Des disparités entre les quartiers prioritaires

Dans l'Oise, les quartiers prioritaires sont principalement concentrés dans la communauté de l’agglomération creilloise et dans la communauté d’agglomération (CA) du Beauvaisis, où respectivement 45 % et 22 % de la population vit dans un quartier prioritaire (figure 2). La CA de la Région de Compiègne compte 14 % de sa population en géographie prioritaire. Les revenus médians par UC des habitants des quartiers prioritaires de l'Oise sont globalemant supérieurs à ceux de l'Aisne ou de la Somme. Néanmoins, l'écart de revenus avec l'ensemble de la population est généralement plus marqué dans les territoires de l'Oise, département plutôt aisé avec un revenu médian annuel par UC de 19 830 euros. Cet écart s'avère particulièrement large dans la communauté de communes (CC) du Pays de Valois, la CC des Pays d'Oise et Halatte ou la CC du Clermontois (figure 3). Il est beaucoup plus resserré dans la CA Creilloise, car la part importante de la population vivant dans un quartier prioritaire modère le revenu médian de l'ensemble des habitants de ce territoire. Les revenus médians par UC sont le plus souvent proches entre quartiers prioritaires d'un même territoire, sauf dans la CC du Pays Noyonnais (figure 3).
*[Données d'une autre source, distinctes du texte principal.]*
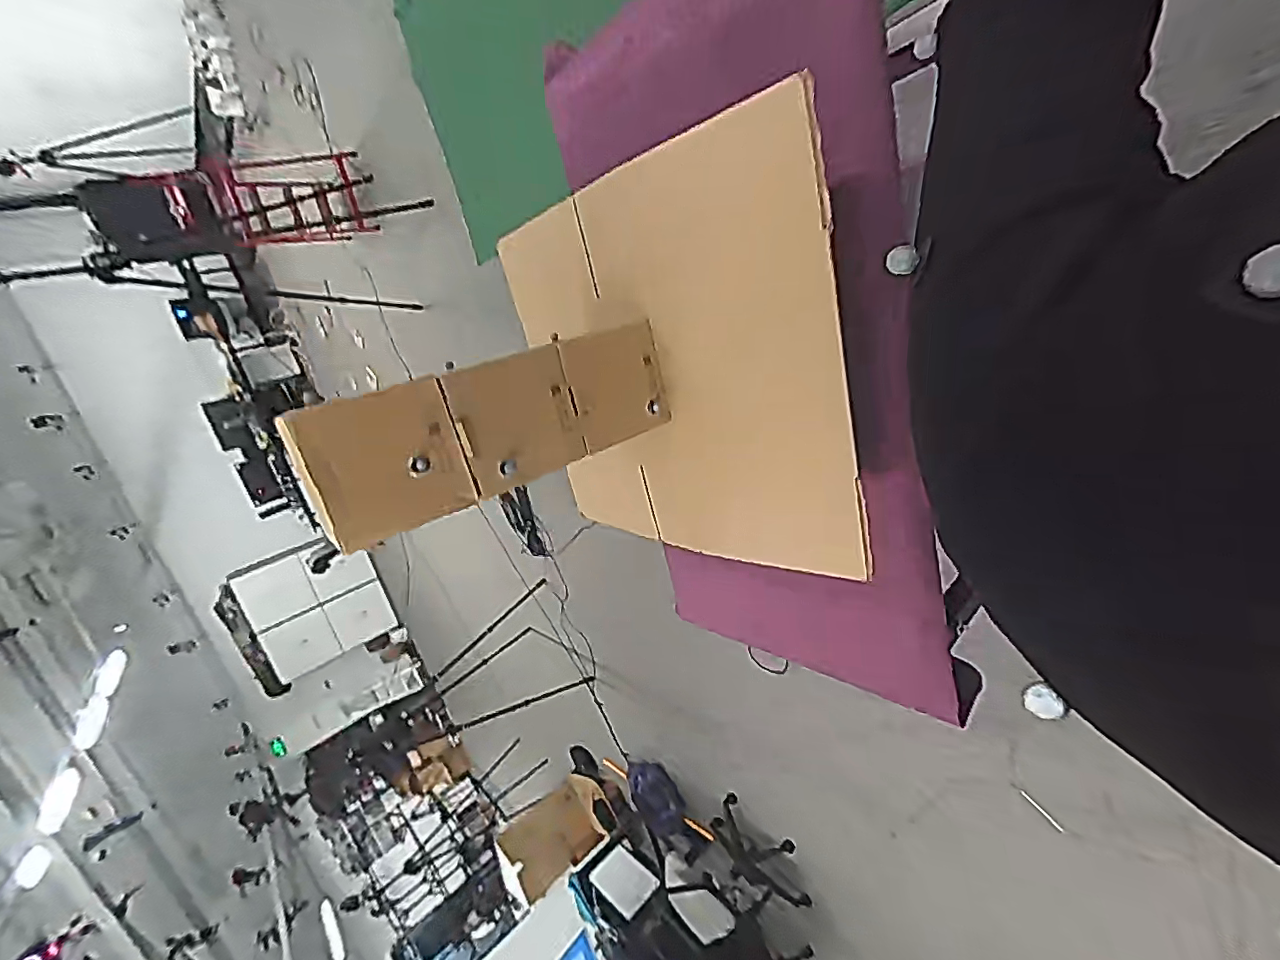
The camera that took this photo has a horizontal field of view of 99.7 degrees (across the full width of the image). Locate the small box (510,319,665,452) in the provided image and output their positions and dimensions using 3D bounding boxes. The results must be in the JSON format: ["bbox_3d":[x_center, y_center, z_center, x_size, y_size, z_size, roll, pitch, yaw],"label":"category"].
[{"bbox_3d":[-0.077,-0.152,0.870,0.179,0.176,0.168,9,118,52],"label":"small box"}]

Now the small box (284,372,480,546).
[{"bbox_3d":[-0.330,-0.035,0.697,0.179,0.176,0.168,6,116,53],"label":"small box"}]
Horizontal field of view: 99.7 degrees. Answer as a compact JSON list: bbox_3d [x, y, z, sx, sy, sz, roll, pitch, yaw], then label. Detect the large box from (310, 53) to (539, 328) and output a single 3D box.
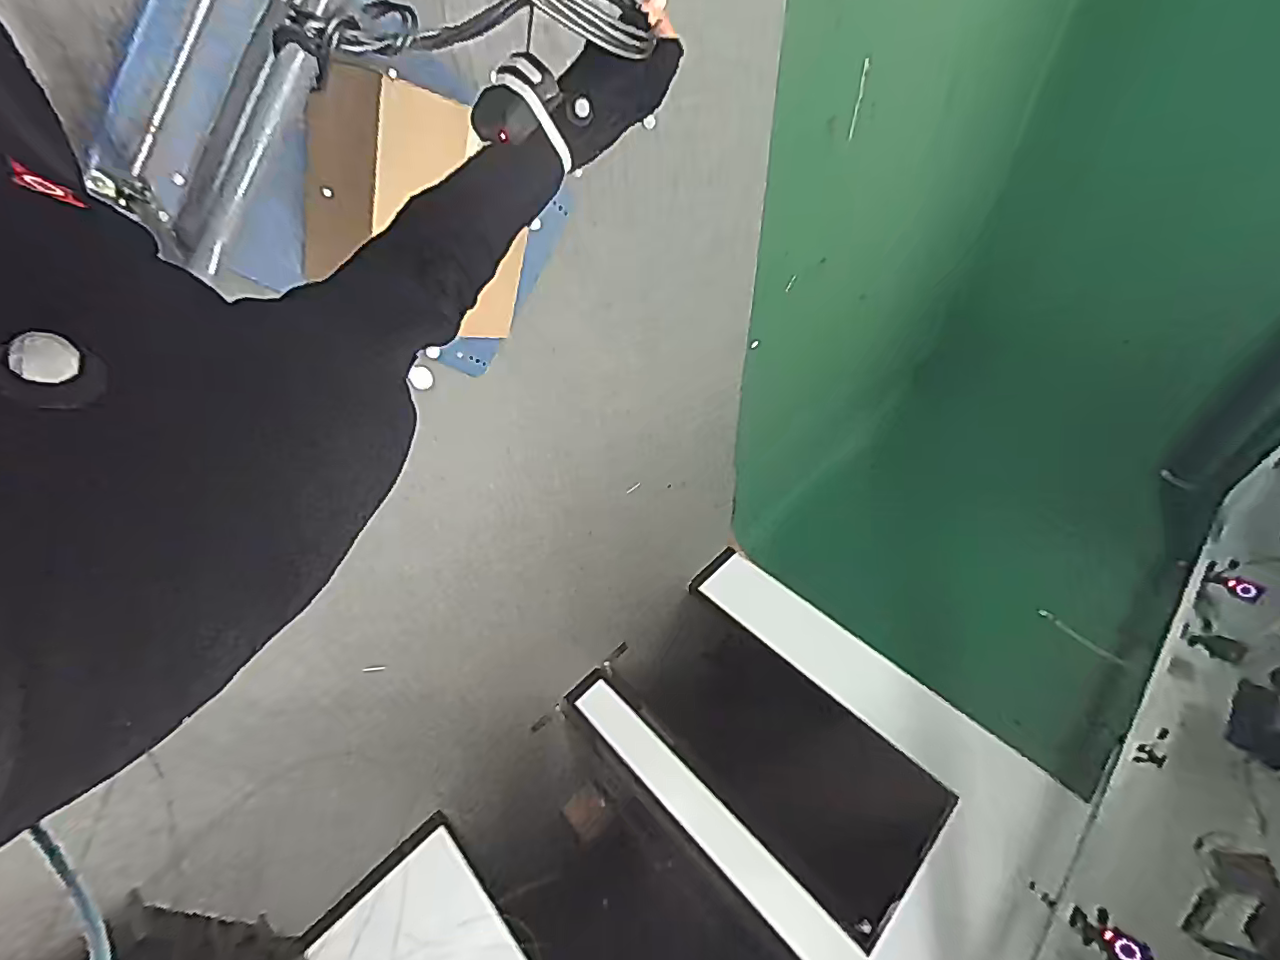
[{"bbox_3d":[-0.450,-0.557,1.095,0.320,0.320,0.408,-13,130,-47],"label":"large box"}]
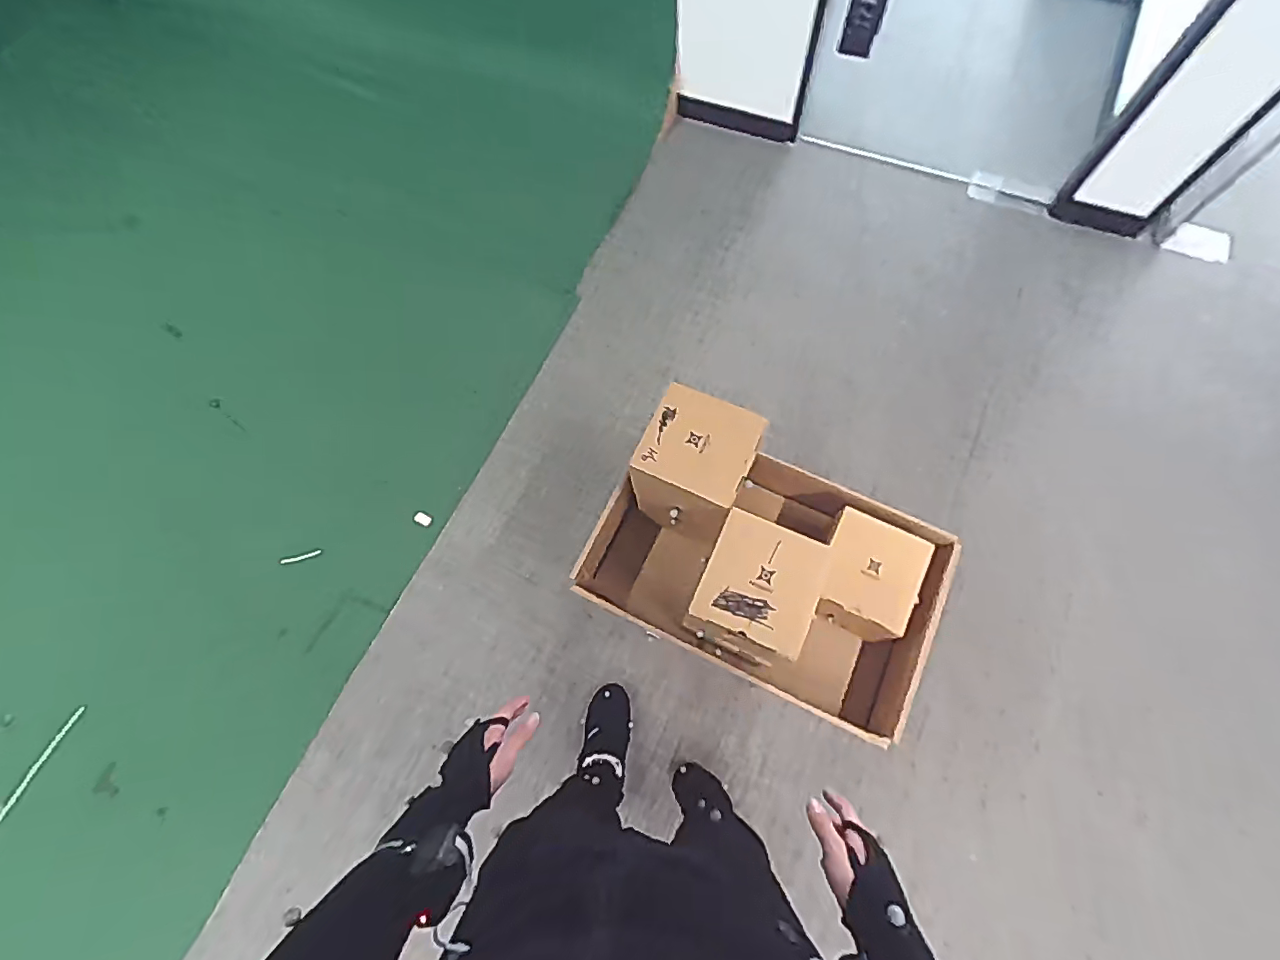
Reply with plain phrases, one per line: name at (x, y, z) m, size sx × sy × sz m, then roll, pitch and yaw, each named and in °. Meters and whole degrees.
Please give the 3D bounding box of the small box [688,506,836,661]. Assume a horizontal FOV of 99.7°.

La situation des quartiers du département est hétérogène, notamment par rapport à l'accès à l'emploi : le chômage frappe 20 % des actifs du quartier Les Abords du Parc à Liancourt, mais 45 % de ceux de Mont Siméon à Noyon.

figure3 – Un décrochage plus marqué des revenus des quartiers prioritaires par rapport aux agglomérations englobantes

  • Source : Insee, revenus fiscaux localisés 2011

Encadré

Note de lecture du graphique n°03

Chaque bulle représente un quartier prioritaire, dont la taille est proportionnelle à la population du quartier. Sa position sur l'axe indique le revenu médian par unité de consommation du quartier. Les points noirs représentent le revenu médian par unité de consommation de l'EPCI englobant. Ils permettent de mesurer l'écart de revenus entre les quartiers prioritaires et les EPCI englobants.

Par exemple, pour la CC du Pays du Noyonnais,, le revenu médian des habitants du premier quartier prioritaire est de 6 360 euros par UC et celui du second de 7 140 euros par UC. Et celui du second de 10 170 euros par UN. Pour l'ensemble des habitants de ce territoire, le revenu médian est de 16 820 euros par UC

Définitions

Le revenu fiscal médian est le revenu qui divise la population en deux parties : la moitié de la population a un revenu fiscal inférieur au revenu fiscal médian et l’autre moitié un revenu supérieur.

Le seuil de bas revenus correspond au 1er décile de revenu par unité de consommation de l’ensemble des unités urbaines contenant au moins une zone urbaine sensible ou un nouveau quartier prioritaire.